[Saved entries]
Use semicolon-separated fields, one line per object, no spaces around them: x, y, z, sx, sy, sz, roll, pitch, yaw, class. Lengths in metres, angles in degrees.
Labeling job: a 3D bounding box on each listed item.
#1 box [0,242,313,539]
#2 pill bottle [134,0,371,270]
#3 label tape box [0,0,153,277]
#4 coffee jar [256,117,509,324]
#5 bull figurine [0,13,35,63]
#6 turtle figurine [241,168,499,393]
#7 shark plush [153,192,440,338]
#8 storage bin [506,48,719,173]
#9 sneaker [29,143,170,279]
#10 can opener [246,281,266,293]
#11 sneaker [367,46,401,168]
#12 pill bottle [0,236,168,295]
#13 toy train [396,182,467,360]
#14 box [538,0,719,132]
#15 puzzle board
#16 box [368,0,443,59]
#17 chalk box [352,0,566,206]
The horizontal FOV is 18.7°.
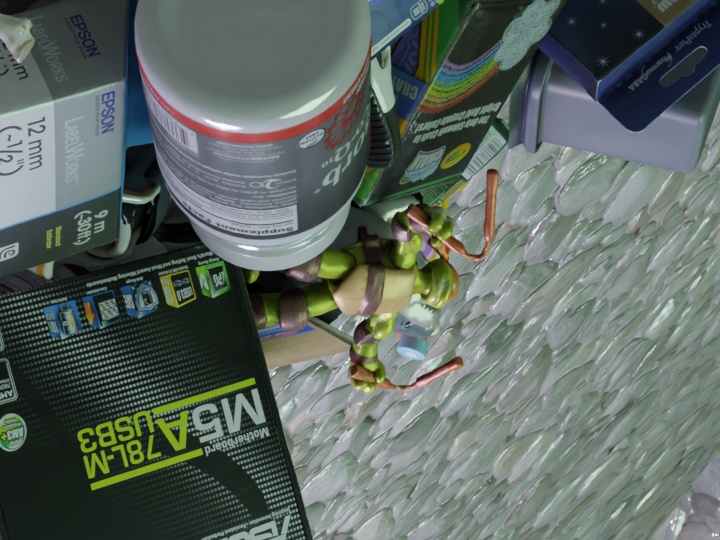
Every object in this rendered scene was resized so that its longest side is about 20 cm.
-0.138;0.096;1.260;0.199;0.194;0.047;-15;179;-36;box
-0.052;-0.083;1.127;0.116;0.116;0.200;-40;163;-15;pill bottle
-0.168;-0.068;1.148;0.199;0.066;0.144;-17;150;-18;label tape box
0.002;-0.059;1.516;0.200;0.104;0.085;-46;161;3;coffee jar
-0.190;-0.148;0.964;0.200;0.121;0.065;-58;-179;17;bull figurine
0.000;0.000;1.351;0.161;0.065;0.200;1;139;-20;turtle figurine
-0.040;0.001;1.438;0.199;0.091;0.084;2;133;-14;shark plush
0.199;-0.173;1.531;0.146;0.134;0.201;87;23;-63;storage bin
-0.139;-0.054;1.287;0.200;0.079;0.079;-33;156;-35;sneaker
-0.038;-0.006;1.606;0.200;0.066;0.053;-38;161;-34;can opener
-0.004;-0.155;1.263;0.088;0.074;0.201;-41;126;-31;sneaker
-0.202;0.056;1.319;0.200;0.114;0.114;-30;155;-34;pill bottle
0.047;-0.044;1.622;0.150;0.055;0.201;73;32;-71;toy train
0.149;-0.191;1.408;0.121;0.200;0.032;-40;160;-16;box
-0.115;0.058;1.479;0.199;0.017;0.151;-13;167;11;puzzle board
-0.029;-0.203;1.124;0.070;0.064;0.200;-40;134;-14;box
0.015;-0.128;1.373;0.125;0.124;0.200;-17;144;-55;chalk box
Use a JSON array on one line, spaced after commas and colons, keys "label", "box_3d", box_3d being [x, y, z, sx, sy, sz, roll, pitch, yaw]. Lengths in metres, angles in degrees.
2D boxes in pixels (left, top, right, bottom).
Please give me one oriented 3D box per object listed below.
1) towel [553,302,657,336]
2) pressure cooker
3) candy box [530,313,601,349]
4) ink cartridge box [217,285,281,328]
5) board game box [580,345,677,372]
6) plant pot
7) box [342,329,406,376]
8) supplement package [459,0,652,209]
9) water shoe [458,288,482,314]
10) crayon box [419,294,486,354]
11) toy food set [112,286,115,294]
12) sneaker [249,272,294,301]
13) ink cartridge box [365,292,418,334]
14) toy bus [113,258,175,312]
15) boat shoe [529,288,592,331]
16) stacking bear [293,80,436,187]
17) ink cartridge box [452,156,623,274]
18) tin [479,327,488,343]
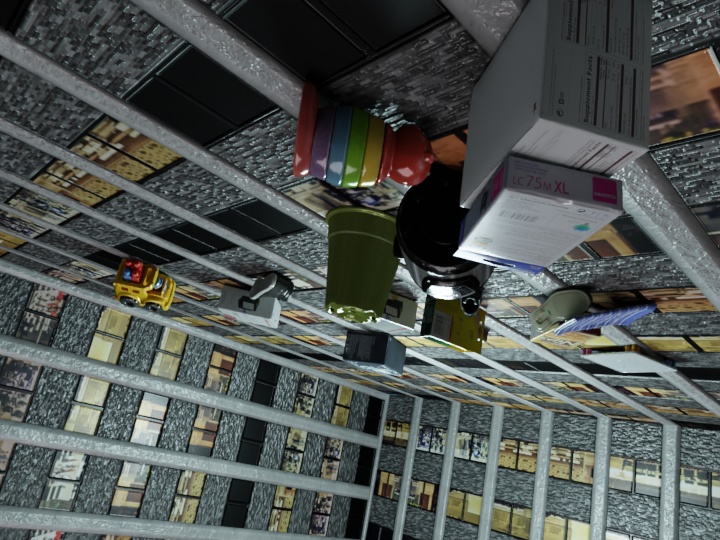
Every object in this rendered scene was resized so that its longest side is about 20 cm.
[{"label": "towel", "box_3d": [0.559, 0.115, 1.303, 0.192, 0.025, 0.145, -10, 162, -4]}, {"label": "pressure cooker", "box_3d": [0.152, -0.049, 0.955, 0.177, 0.178, 0.201, 48, 175, 21]}, {"label": "candy box", "box_3d": [0.538, 0.156, 1.500, 0.111, 0.057, 0.201, 13, 162, 0]}, {"label": "ink cartridge box", "box_3d": [-0.390, 0.131, 2.021, 0.192, 0.086, 0.146, 12, 162, 4]}, {"label": "board game box", "box_3d": [0.802, 0.267, 1.704, 0.194, 0.027, 0.199, 20, 162, -22]}, {"label": "plant pot", "box_3d": [0.000, 0.000, 1.182, 0.192, 0.197, 0.201, 12, 163, 4]}, {"label": "box", "box_3d": [0.060, 0.331, 2.277, 0.190, 0.129, 0.200, 1, 159, 28]}, {"label": "supplement package", "box_3d": [0.193, -0.164, 0.594, 0.107, 0.162, 0.200, 12, 163, -8]}, {"label": "water shoe", "box_3d": [0.264, 0.072, 1.399, 0.069, 0.082, 0.201, 8, 162, 14]}, {"label": "crayon box", "box_3d": [0.255, 0.144, 1.546, 0.195, 0.132, 0.050, 24, 160, -30]}, {"label": "toy food set", "box_3d": [-0.978, 0.110, 2.465, 0.190, 0.050, 0.201, 14, 163, -2]}, {"label": "sneaker", "box_3d": [-0.278, 0.067, 1.786, 0.097, 0.073, 0.198, 27, 154, -27]}, {"label": "ink cartridge box", "box_3d": [0.052, 0.114, 1.676, 0.194, 0.086, 0.145, 20, 161, -23]}, {"label": "toy bus", "box_3d": [-0.752, 0.034, 1.970, 0.192, 0.140, 0.194, 13, 147, -9]}, {"label": "boat shoe", "box_3d": [0.480, 0.085, 1.341, 0.066, 0.074, 0.200, -20, 167, -24]}, {"label": "stacking bear", "box_3d": [0.008, -0.172, 0.800, 0.192, 0.118, 0.122, 9, 163, -4]}, {"label": "ink cartridge box", "box_3d": [0.179, -0.051, 0.618, 0.115, 0.044, 0.201, 11, 160, -2]}, {"label": "tin", "box_3d": [0.315, 0.199, 1.831, 0.192, 0.043, 0.113, 12, 158, 3]}]

_AIM OF THE TASK_
Word for word, repeat all the data, but not its images.

_RESPONSE AREA_
Use semicolon-separated fields, one line per object, no spaces around them: x, y, z, sx, sy, sz, roll, pitch, yaw, class. Lengths in metres, angles in degrees.
Labeling job: a 3D bounding box on each listed item.
#1 box [0,242,313,539]
#2 pill bottle [134,0,371,270]
#3 label tape box [0,0,153,277]
#4 coffee jar [256,117,509,324]
#5 bull figurine [0,13,35,63]
#6 turtle figurine [241,168,499,393]
#7 shark plush [153,192,440,338]
#8 storage bin [506,48,719,173]
#9 sneaker [29,143,170,279]
#10 can opener [246,281,266,293]
#11 sneaker [367,46,401,168]
#12 pill bottle [0,236,168,295]
#13 toy train [396,182,467,360]
#14 box [538,0,719,132]
#15 puzzle board
#16 box [368,0,443,59]
#17 chalk box [352,0,566,206]
The horizontal FOV is 18.7°.
Every object in this rendered scene was resized so that its longest side is about 20 cm.
-0.138;0.096;1.260;0.199;0.194;0.047;-15;179;-36;box
-0.052;-0.083;1.127;0.116;0.116;0.200;-40;163;-15;pill bottle
-0.168;-0.068;1.148;0.199;0.066;0.144;-17;150;-18;label tape box
0.002;-0.059;1.516;0.200;0.104;0.085;-46;161;3;coffee jar
-0.190;-0.148;0.964;0.200;0.121;0.065;-58;-179;17;bull figurine
0.000;0.000;1.351;0.161;0.065;0.200;1;139;-20;turtle figurine
-0.040;0.001;1.438;0.199;0.091;0.084;2;133;-14;shark plush
0.199;-0.173;1.531;0.146;0.134;0.201;87;23;-63;storage bin
-0.139;-0.054;1.287;0.200;0.079;0.079;-33;156;-35;sneaker
-0.038;-0.006;1.606;0.200;0.066;0.053;-38;161;-34;can opener
-0.004;-0.155;1.263;0.088;0.074;0.201;-41;126;-31;sneaker
-0.202;0.056;1.319;0.200;0.114;0.114;-30;155;-34;pill bottle
0.047;-0.044;1.622;0.150;0.055;0.201;73;32;-71;toy train
0.149;-0.191;1.408;0.121;0.200;0.032;-40;160;-16;box
-0.115;0.058;1.479;0.199;0.017;0.151;-13;167;11;puzzle board
-0.029;-0.203;1.124;0.070;0.064;0.200;-40;134;-14;box
0.015;-0.128;1.373;0.125;0.124;0.200;-17;144;-55;chalk box
Use a JSON array on one line, spaced after commas and colons, keys "label", "box_3d", box_3d being [x, y, z, sx, sy, sz, roll, pitch, yaw]. Lengths in metres, angles in degrees.
2D boxes in pixels (left, top, right, bottom).
Please give me one oriented 3D box per object listed below.
1) towel [553,302,657,336]
2) pressure cooker
3) candy box [530,313,601,349]
4) ink cartridge box [217,285,281,328]
5) board game box [580,345,677,372]
6) plant pot
7) box [342,329,406,376]
8) supplement package [459,0,652,209]
9) water shoe [458,288,482,314]
10) crayon box [419,294,486,354]
11) toy food set [112,286,115,294]
12) sneaker [249,272,294,301]
13) ink cartridge box [365,292,418,334]
14) toy bus [113,258,175,312]
15) boat shoe [529,288,592,331]
16) stacking bear [293,80,436,187]
17) ink cartridge box [452,156,623,274]
18) tin [479,327,488,343]
Every object in this rendered scene was resized so that its longest side is about 20 cm.
[{"label": "towel", "box_3d": [0.559, 0.115, 1.303, 0.192, 0.025, 0.145, -10, 162, -4]}, {"label": "pressure cooker", "box_3d": [0.152, -0.049, 0.955, 0.177, 0.178, 0.201, 48, 175, 21]}, {"label": "candy box", "box_3d": [0.538, 0.156, 1.500, 0.111, 0.057, 0.201, 13, 162, 0]}, {"label": "ink cartridge box", "box_3d": [-0.390, 0.131, 2.021, 0.192, 0.086, 0.146, 12, 162, 4]}, {"label": "board game box", "box_3d": [0.802, 0.267, 1.704, 0.194, 0.027, 0.199, 20, 162, -22]}, {"label": "plant pot", "box_3d": [0.000, 0.000, 1.182, 0.192, 0.197, 0.201, 12, 163, 4]}, {"label": "box", "box_3d": [0.060, 0.331, 2.277, 0.190, 0.129, 0.200, 1, 159, 28]}, {"label": "supplement package", "box_3d": [0.193, -0.164, 0.594, 0.107, 0.162, 0.200, 12, 163, -8]}, {"label": "water shoe", "box_3d": [0.264, 0.072, 1.399, 0.069, 0.082, 0.201, 8, 162, 14]}, {"label": "crayon box", "box_3d": [0.255, 0.144, 1.546, 0.195, 0.132, 0.050, 24, 160, -30]}, {"label": "toy food set", "box_3d": [-0.978, 0.110, 2.465, 0.190, 0.050, 0.201, 14, 163, -2]}, {"label": "sneaker", "box_3d": [-0.278, 0.067, 1.786, 0.097, 0.073, 0.198, 27, 154, -27]}, {"label": "ink cartridge box", "box_3d": [0.052, 0.114, 1.676, 0.194, 0.086, 0.145, 20, 161, -23]}, {"label": "toy bus", "box_3d": [-0.752, 0.034, 1.970, 0.192, 0.140, 0.194, 13, 147, -9]}, {"label": "boat shoe", "box_3d": [0.480, 0.085, 1.341, 0.066, 0.074, 0.200, -20, 167, -24]}, {"label": "stacking bear", "box_3d": [0.008, -0.172, 0.800, 0.192, 0.118, 0.122, 9, 163, -4]}, {"label": "ink cartridge box", "box_3d": [0.179, -0.051, 0.618, 0.115, 0.044, 0.201, 11, 160, -2]}, {"label": "tin", "box_3d": [0.315, 0.199, 1.831, 0.192, 0.043, 0.113, 12, 158, 3]}]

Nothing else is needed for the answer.